§ Exercise
For the word "dconf", count the lines below that contain it. Give the number alone.

§ Input data
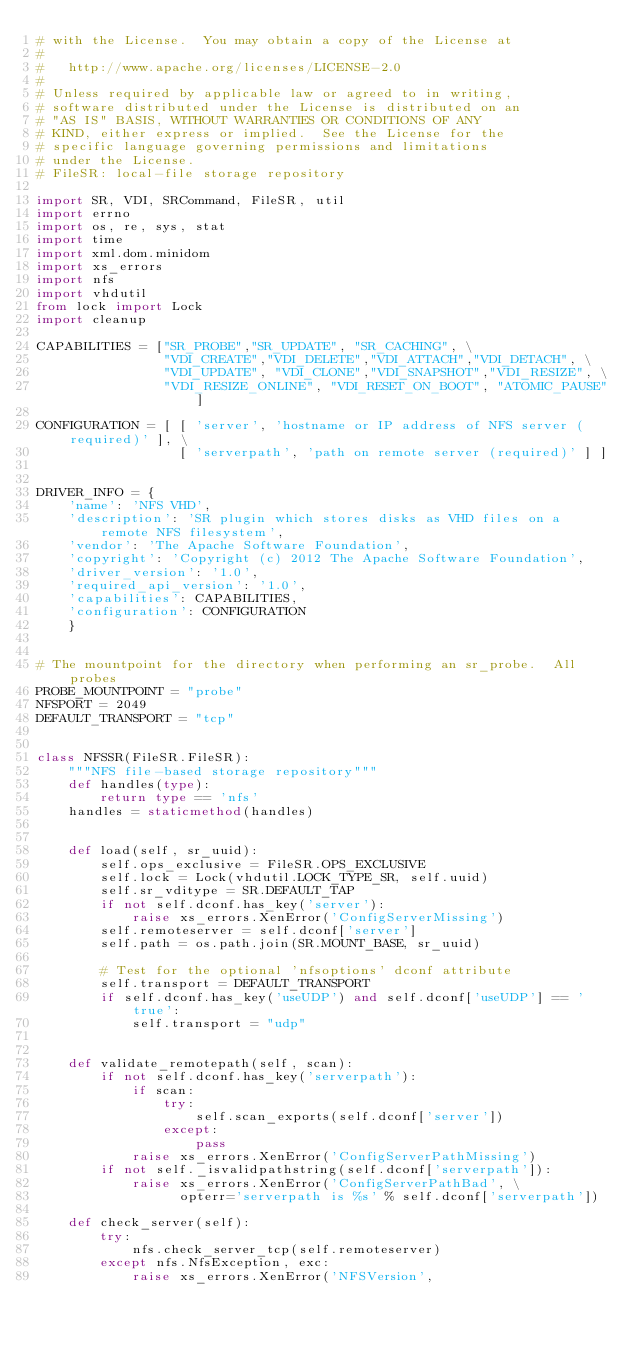Convert code to text. <code><loc_0><loc_0><loc_500><loc_500><_Python_># with the License.  You may obtain a copy of the License at
#
#   http://www.apache.org/licenses/LICENSE-2.0
#
# Unless required by applicable law or agreed to in writing,
# software distributed under the License is distributed on an
# "AS IS" BASIS, WITHOUT WARRANTIES OR CONDITIONS OF ANY
# KIND, either express or implied.  See the License for the
# specific language governing permissions and limitations
# under the License.
# FileSR: local-file storage repository

import SR, VDI, SRCommand, FileSR, util
import errno
import os, re, sys, stat
import time
import xml.dom.minidom
import xs_errors
import nfs
import vhdutil
from lock import Lock
import cleanup

CAPABILITIES = ["SR_PROBE","SR_UPDATE", "SR_CACHING", \
                "VDI_CREATE","VDI_DELETE","VDI_ATTACH","VDI_DETACH", \
                "VDI_UPDATE", "VDI_CLONE","VDI_SNAPSHOT","VDI_RESIZE", \
                "VDI_RESIZE_ONLINE", "VDI_RESET_ON_BOOT", "ATOMIC_PAUSE"]

CONFIGURATION = [ [ 'server', 'hostname or IP address of NFS server (required)' ], \
                  [ 'serverpath', 'path on remote server (required)' ] ]


DRIVER_INFO = {
    'name': 'NFS VHD',
    'description': 'SR plugin which stores disks as VHD files on a remote NFS filesystem',
    'vendor': 'The Apache Software Foundation',
    'copyright': 'Copyright (c) 2012 The Apache Software Foundation',
    'driver_version': '1.0',
    'required_api_version': '1.0',
    'capabilities': CAPABILITIES,
    'configuration': CONFIGURATION
    }


# The mountpoint for the directory when performing an sr_probe.  All probes
PROBE_MOUNTPOINT = "probe"
NFSPORT = 2049
DEFAULT_TRANSPORT = "tcp"


class NFSSR(FileSR.FileSR):
    """NFS file-based storage repository"""
    def handles(type):
        return type == 'nfs'
    handles = staticmethod(handles)


    def load(self, sr_uuid):
        self.ops_exclusive = FileSR.OPS_EXCLUSIVE
        self.lock = Lock(vhdutil.LOCK_TYPE_SR, self.uuid)
        self.sr_vditype = SR.DEFAULT_TAP
        if not self.dconf.has_key('server'):
            raise xs_errors.XenError('ConfigServerMissing')
        self.remoteserver = self.dconf['server']
        self.path = os.path.join(SR.MOUNT_BASE, sr_uuid)

        # Test for the optional 'nfsoptions' dconf attribute
        self.transport = DEFAULT_TRANSPORT
        if self.dconf.has_key('useUDP') and self.dconf['useUDP'] == 'true':
            self.transport = "udp"


    def validate_remotepath(self, scan):
        if not self.dconf.has_key('serverpath'):
            if scan:
                try:
                    self.scan_exports(self.dconf['server'])
                except:
                    pass
            raise xs_errors.XenError('ConfigServerPathMissing')
        if not self._isvalidpathstring(self.dconf['serverpath']):
            raise xs_errors.XenError('ConfigServerPathBad', \
                  opterr='serverpath is %s' % self.dconf['serverpath'])

    def check_server(self):
        try:
            nfs.check_server_tcp(self.remoteserver)
        except nfs.NfsException, exc:
            raise xs_errors.XenError('NFSVersion',</code> 
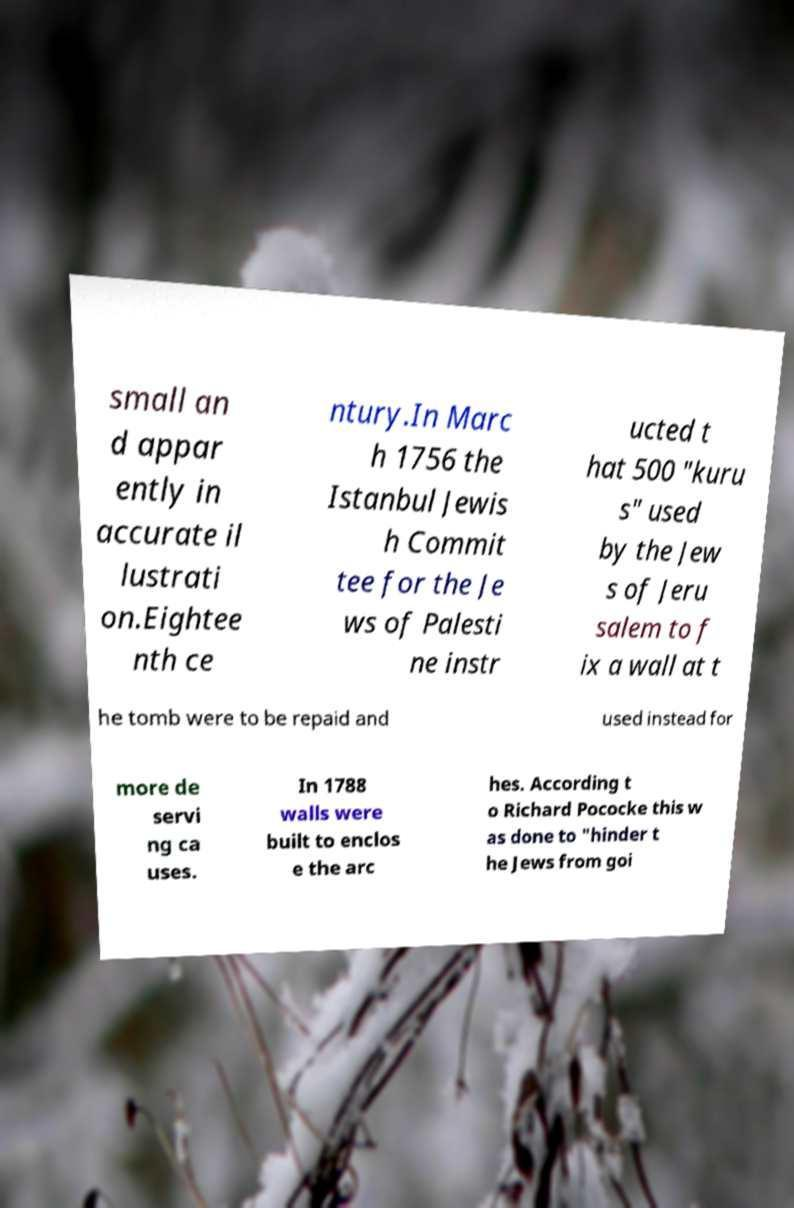Please read and relay the text visible in this image. What does it say? small an d appar ently in accurate il lustrati on.Eightee nth ce ntury.In Marc h 1756 the Istanbul Jewis h Commit tee for the Je ws of Palesti ne instr ucted t hat 500 "kuru s" used by the Jew s of Jeru salem to f ix a wall at t he tomb were to be repaid and used instead for more de servi ng ca uses. In 1788 walls were built to enclos e the arc hes. According t o Richard Pococke this w as done to "hinder t he Jews from goi 
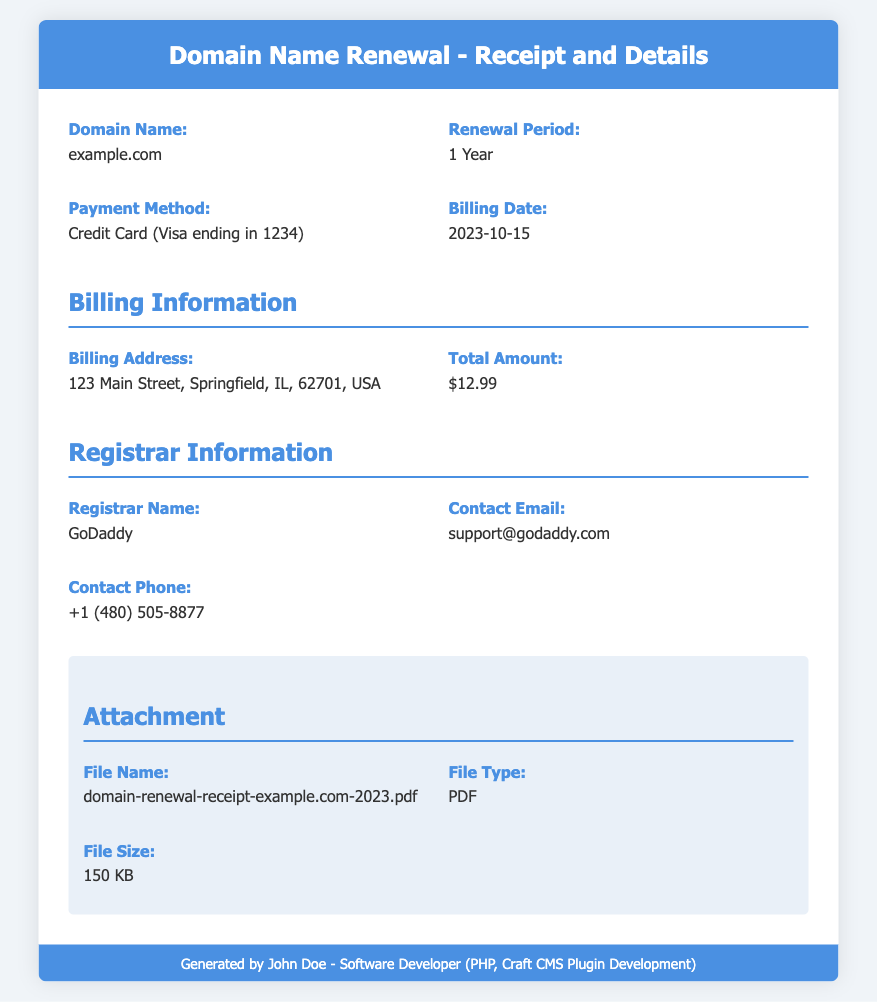What is the domain name? The domain name listed in the document is found in the first information item, which is "example.com".
Answer: example.com What is the renewal period? The renewal period is detailed in the second information item, which states "1 Year".
Answer: 1 Year What is the payment method used? The payment method is specified in the third information item, mentioning "Credit Card (Visa ending in 1234)".
Answer: Credit Card (Visa ending in 1234) When was the billing date? The billing date can be found in the fourth information item, which specifies "2023-10-15".
Answer: 2023-10-15 What is the total amount charged? The total amount is indicated in the billing information section as "$12.99".
Answer: $12.99 Who is the registrar? The registrar's name is highlighted in the registrar information section as "GoDaddy".
Answer: GoDaddy What type of file is attached? The type of the attached file is listed in the attachment section, which states "PDF".
Answer: PDF What is the file name of the receipt? The file name is provided in the attachment section as "domain-renewal-receipt-example.com-2023.pdf".
Answer: domain-renewal-receipt-example.com-2023.pdf What is the contact email for the registrar? The contact email is mentioned in the registrar information as "support@godaddy.com".
Answer: support@godaddy.com How much does the renewal cost? The renewal cost is found under the billing information section as "$12.99".
Answer: $12.99 
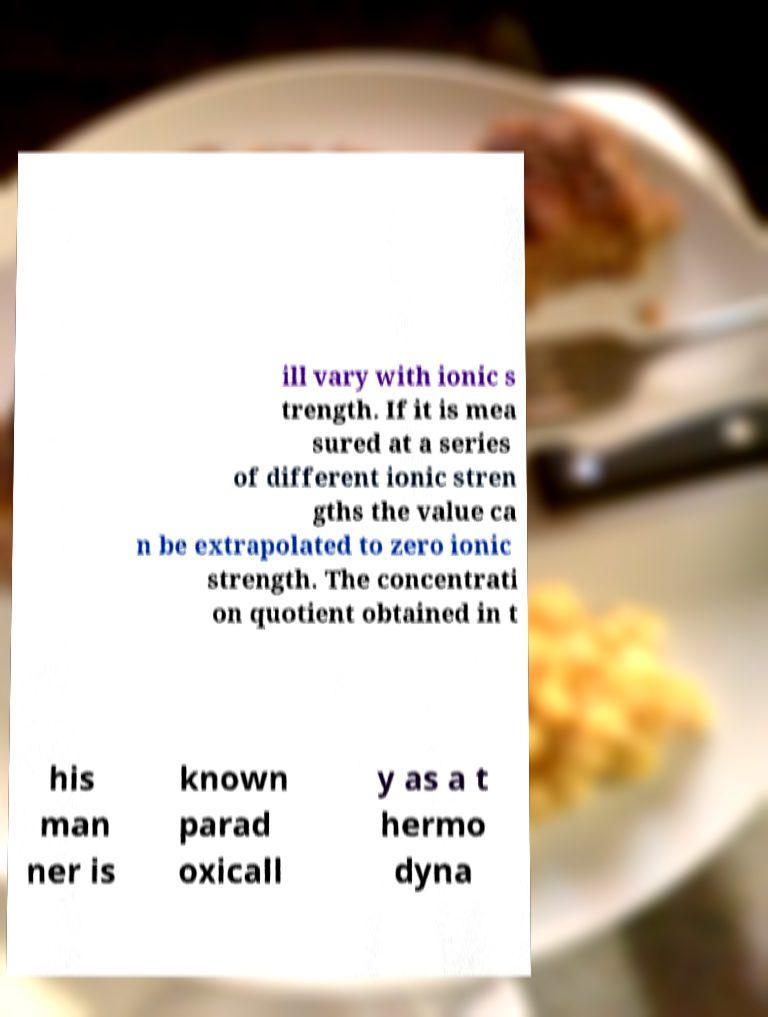There's text embedded in this image that I need extracted. Can you transcribe it verbatim? ill vary with ionic s trength. If it is mea sured at a series of different ionic stren gths the value ca n be extrapolated to zero ionic strength. The concentrati on quotient obtained in t his man ner is known parad oxicall y as a t hermo dyna 
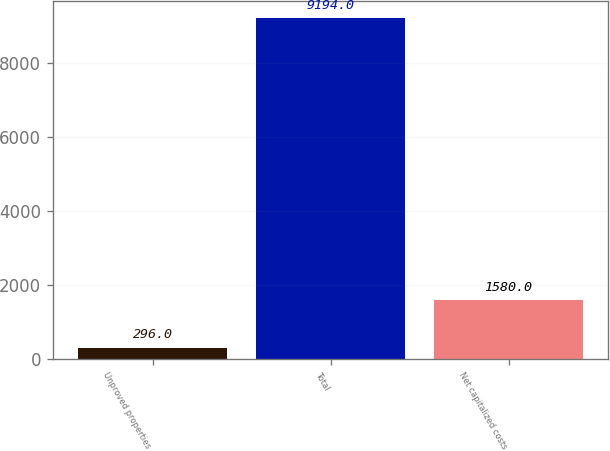Convert chart. <chart><loc_0><loc_0><loc_500><loc_500><bar_chart><fcel>Unproved properties<fcel>Total<fcel>Net capitalized costs<nl><fcel>296<fcel>9194<fcel>1580<nl></chart> 
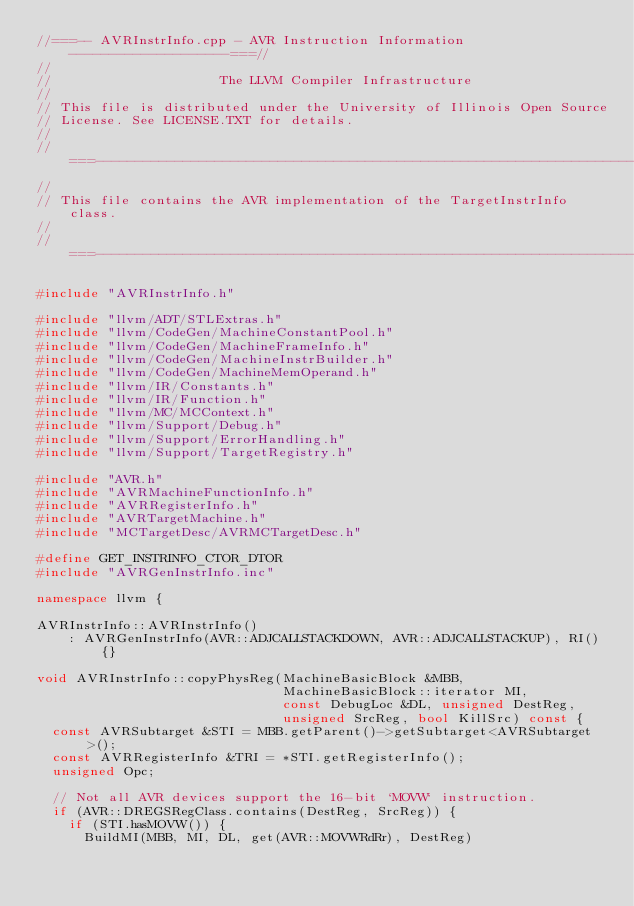Convert code to text. <code><loc_0><loc_0><loc_500><loc_500><_C++_>//===-- AVRInstrInfo.cpp - AVR Instruction Information --------------------===//
//
//                     The LLVM Compiler Infrastructure
//
// This file is distributed under the University of Illinois Open Source
// License. See LICENSE.TXT for details.
//
//===----------------------------------------------------------------------===//
//
// This file contains the AVR implementation of the TargetInstrInfo class.
//
//===----------------------------------------------------------------------===//

#include "AVRInstrInfo.h"

#include "llvm/ADT/STLExtras.h"
#include "llvm/CodeGen/MachineConstantPool.h"
#include "llvm/CodeGen/MachineFrameInfo.h"
#include "llvm/CodeGen/MachineInstrBuilder.h"
#include "llvm/CodeGen/MachineMemOperand.h"
#include "llvm/IR/Constants.h"
#include "llvm/IR/Function.h"
#include "llvm/MC/MCContext.h"
#include "llvm/Support/Debug.h"
#include "llvm/Support/ErrorHandling.h"
#include "llvm/Support/TargetRegistry.h"

#include "AVR.h"
#include "AVRMachineFunctionInfo.h"
#include "AVRRegisterInfo.h"
#include "AVRTargetMachine.h"
#include "MCTargetDesc/AVRMCTargetDesc.h"

#define GET_INSTRINFO_CTOR_DTOR
#include "AVRGenInstrInfo.inc"

namespace llvm {

AVRInstrInfo::AVRInstrInfo()
    : AVRGenInstrInfo(AVR::ADJCALLSTACKDOWN, AVR::ADJCALLSTACKUP), RI() {}

void AVRInstrInfo::copyPhysReg(MachineBasicBlock &MBB,
                               MachineBasicBlock::iterator MI,
                               const DebugLoc &DL, unsigned DestReg,
                               unsigned SrcReg, bool KillSrc) const {
  const AVRSubtarget &STI = MBB.getParent()->getSubtarget<AVRSubtarget>();
  const AVRRegisterInfo &TRI = *STI.getRegisterInfo();
  unsigned Opc;

  // Not all AVR devices support the 16-bit `MOVW` instruction.
  if (AVR::DREGSRegClass.contains(DestReg, SrcReg)) {
    if (STI.hasMOVW()) {
      BuildMI(MBB, MI, DL, get(AVR::MOVWRdRr), DestReg)</code> 
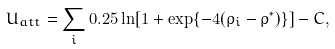Convert formula to latex. <formula><loc_0><loc_0><loc_500><loc_500>U _ { a t t } = \sum _ { i } 0 . 2 5 \ln [ 1 + \exp \{ - 4 ( \rho _ { i } - \rho ^ { * } ) \} ] - C ,</formula> 
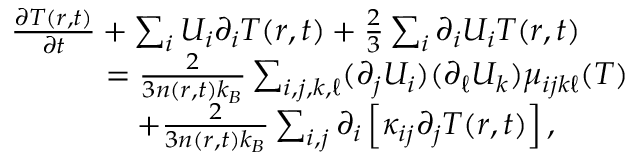<formula> <loc_0><loc_0><loc_500><loc_500>\begin{array} { r l } & { \frac { \partial T ( r , t ) } { \partial t } + \sum _ { i } U _ { i } \partial _ { i } T ( r , t ) + \frac { 2 } { 3 } \sum _ { i } \partial _ { i } U _ { i } T ( r , t ) } \\ & { \quad = \frac { 2 } { 3 n ( r , t ) k _ { B } } \sum _ { i , j , k , \ell } ( \partial _ { j } U _ { i } ) ( \partial _ { \ell } U _ { k } ) \mu _ { i j k \ell } ( T ) } \\ & { \quad + \frac { 2 } { 3 n ( r , t ) k _ { B } } \sum _ { i , j } \partial _ { i } \left [ \kappa _ { i j } \partial _ { j } T ( r , t ) \right ] , } \end{array}</formula> 
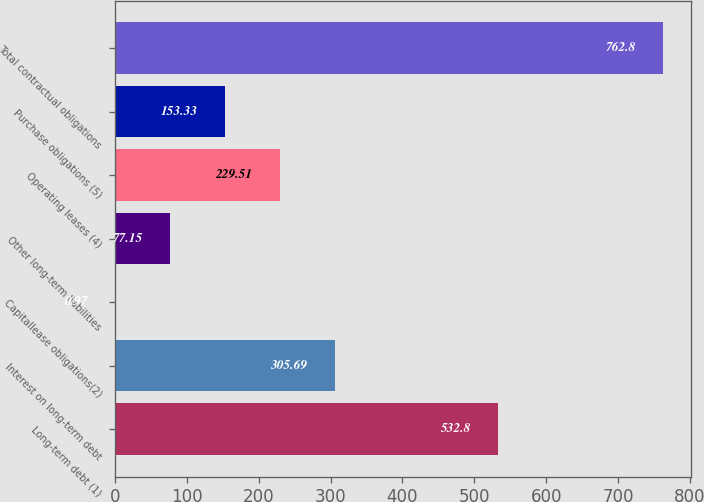<chart> <loc_0><loc_0><loc_500><loc_500><bar_chart><fcel>Long-term debt (1)<fcel>Interest on long-term debt<fcel>Capitallease obligations(2)<fcel>Other long-term liabilities<fcel>Operating leases (4)<fcel>Purchase obligations (5)<fcel>Total contractual obligations<nl><fcel>532.8<fcel>305.69<fcel>0.97<fcel>77.15<fcel>229.51<fcel>153.33<fcel>762.8<nl></chart>

§ Written answer
8